- **Data excerpts**
____________

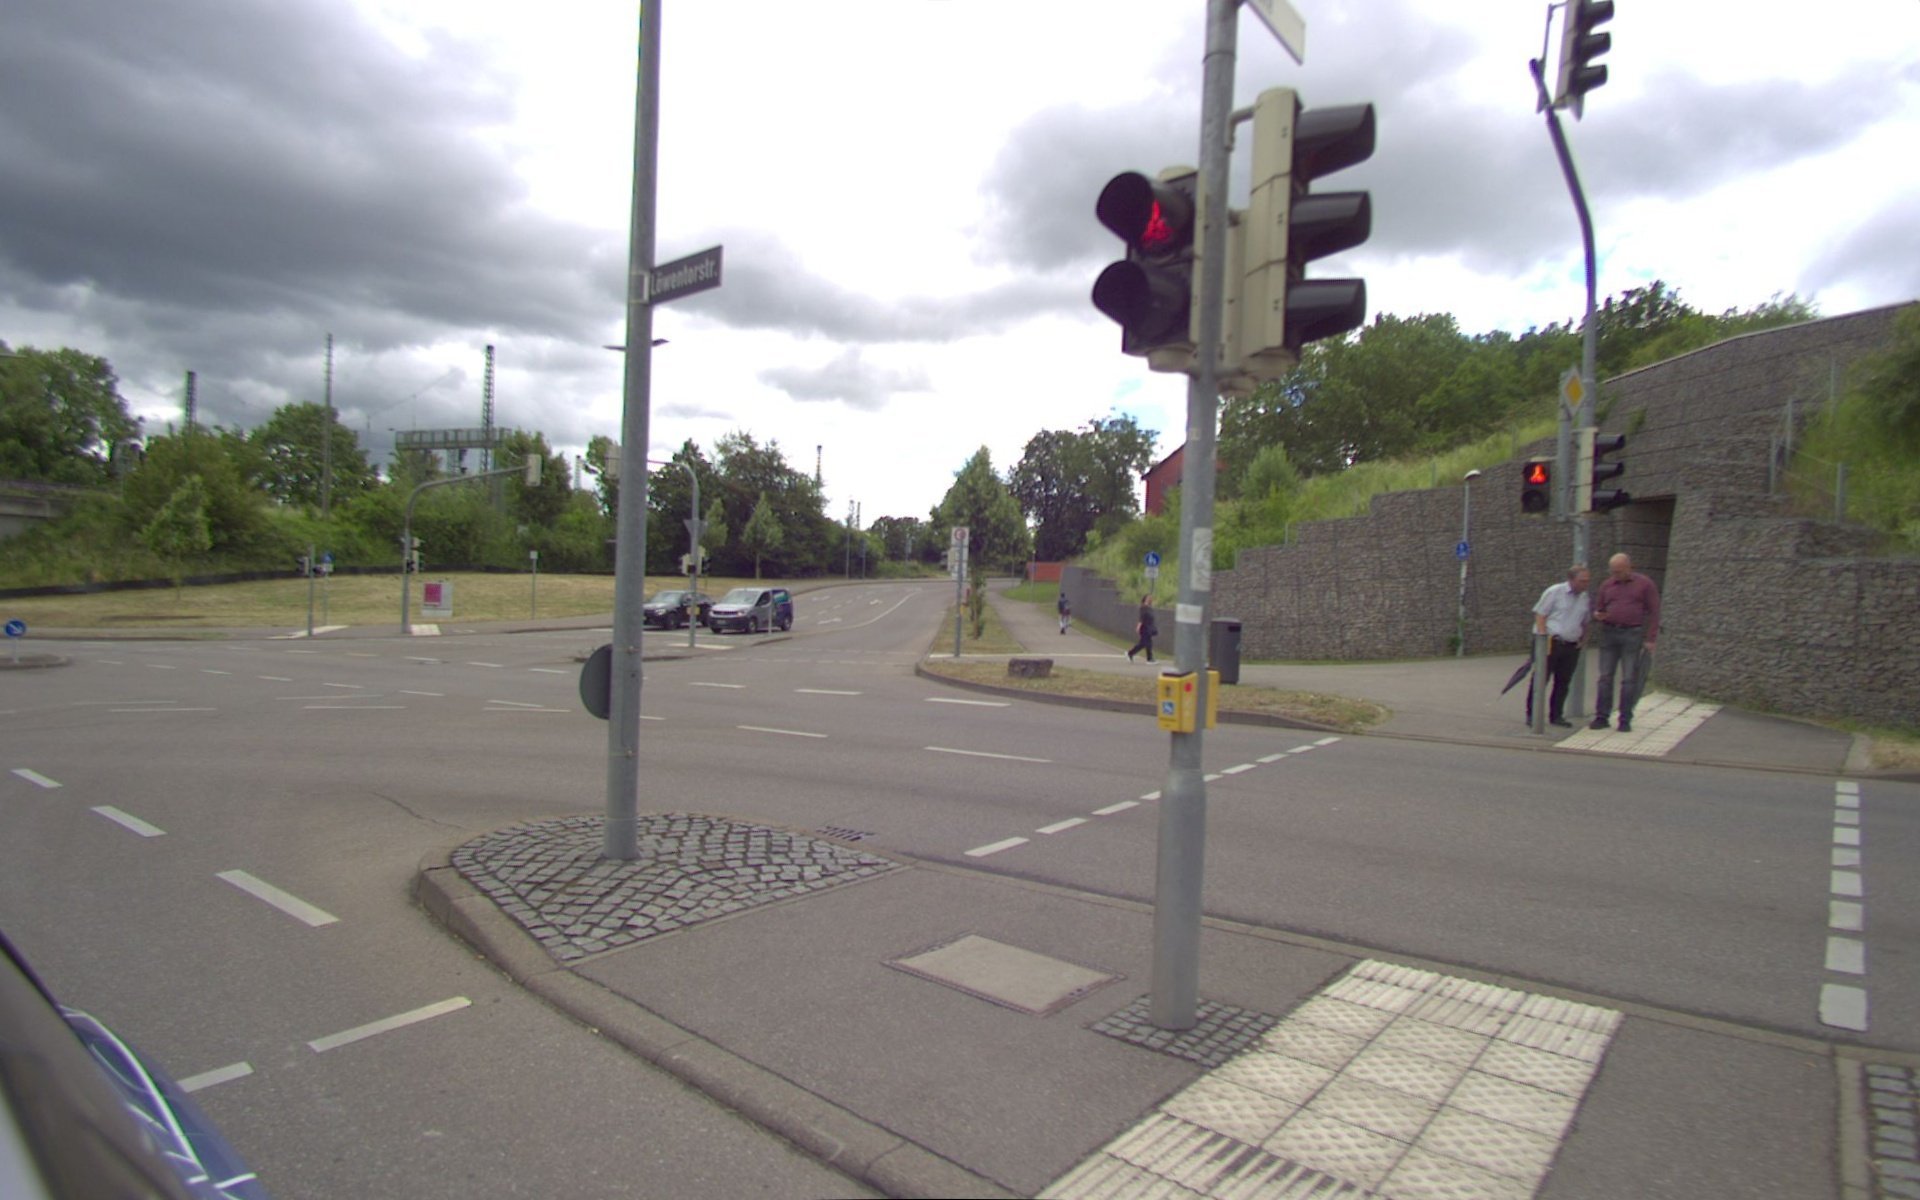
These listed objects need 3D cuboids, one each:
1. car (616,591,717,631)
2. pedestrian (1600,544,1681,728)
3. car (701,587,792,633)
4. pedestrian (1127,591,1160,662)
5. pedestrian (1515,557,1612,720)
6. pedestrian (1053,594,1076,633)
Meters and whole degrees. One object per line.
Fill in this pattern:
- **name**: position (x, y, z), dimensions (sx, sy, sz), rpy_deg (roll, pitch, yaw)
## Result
- **car**: position (-12.186, 0.422, 42.335), dimensions (2.093, 1.563, 4.238), rpy_deg (1, 1, 18)
- **pedestrian**: position (7.106, 0.354, 10.572), dimensions (0.664, 1.841, 0.616), rpy_deg (1, 1, 36)
- **car**: position (-8.452, 0.345, 40.491), dimensions (1.745, 1.741, 4.239), rpy_deg (1, 1, 17)
- **pedestrian**: position (4.130, 0.579, 22.752), dimensions (0.620, 1.569, 0.575), rpy_deg (1, 1, 23)
- **pedestrian**: position (6.469, 0.396, 10.874), dimensions (0.657, 1.691, 0.623), rpy_deg (1, 1, 5)
- **pedestrian**: position (4.266, 0.535, 41.366), dimensions (0.790, 1.569, 0.901), rpy_deg (0, 1, 0)

____________

- **The task**
Copy every line of the data word for word, omitting the images.

- **Written reply**
These listed objects need 3D cuboids, one each:
1. car (616,591,717,631)
2. pedestrian (1600,544,1681,728)
3. car (701,587,792,633)
4. pedestrian (1127,591,1160,662)
5. pedestrian (1515,557,1612,720)
6. pedestrian (1053,594,1076,633)
Meters and whole degrees. One object per line.
Fill in this pattern:
- **name**: position (x, y, z), dimensions (sx, sy, sz), rpy_deg (roll, pitch, yaw)
## Result
- **car**: position (-12.186, 0.422, 42.335), dimensions (2.093, 1.563, 4.238), rpy_deg (1, 1, 18)
- **pedestrian**: position (7.106, 0.354, 10.572), dimensions (0.664, 1.841, 0.616), rpy_deg (1, 1, 36)
- **car**: position (-8.452, 0.345, 40.491), dimensions (1.745, 1.741, 4.239), rpy_deg (1, 1, 17)
- **pedestrian**: position (4.130, 0.579, 22.752), dimensions (0.620, 1.569, 0.575), rpy_deg (1, 1, 23)
- **pedestrian**: position (6.469, 0.396, 10.874), dimensions (0.657, 1.691, 0.623), rpy_deg (1, 1, 5)
- **pedestrian**: position (4.266, 0.535, 41.366), dimensions (0.790, 1.569, 0.901), rpy_deg (0, 1, 0)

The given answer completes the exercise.